The problem - Go line by line through the records below. Copy whichever lines contain the string "pitch".

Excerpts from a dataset
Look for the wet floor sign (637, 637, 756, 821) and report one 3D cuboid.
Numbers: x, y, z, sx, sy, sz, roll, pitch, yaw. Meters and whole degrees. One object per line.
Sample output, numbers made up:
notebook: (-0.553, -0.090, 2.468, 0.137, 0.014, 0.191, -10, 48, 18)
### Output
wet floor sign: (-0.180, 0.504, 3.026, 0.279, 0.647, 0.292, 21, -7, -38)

* * *

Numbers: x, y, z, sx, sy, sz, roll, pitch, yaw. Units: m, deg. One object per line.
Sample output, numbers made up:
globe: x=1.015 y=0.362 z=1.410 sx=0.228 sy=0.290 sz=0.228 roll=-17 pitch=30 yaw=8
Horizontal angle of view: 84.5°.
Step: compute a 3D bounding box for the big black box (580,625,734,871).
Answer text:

Result for this task -
Numbers: x, y, z, sx, sy, sz, roll, pitch, yaw. Meters and whole degrees. One object per line.
Numbers: x, y, z, sx, sy, sz, roll, pitch, yaw. Units: m, deg. One object per line.
globe: x=1.015 y=0.362 z=1.410 sx=0.228 sy=0.290 sz=0.228 roll=-17 pitch=30 yaw=8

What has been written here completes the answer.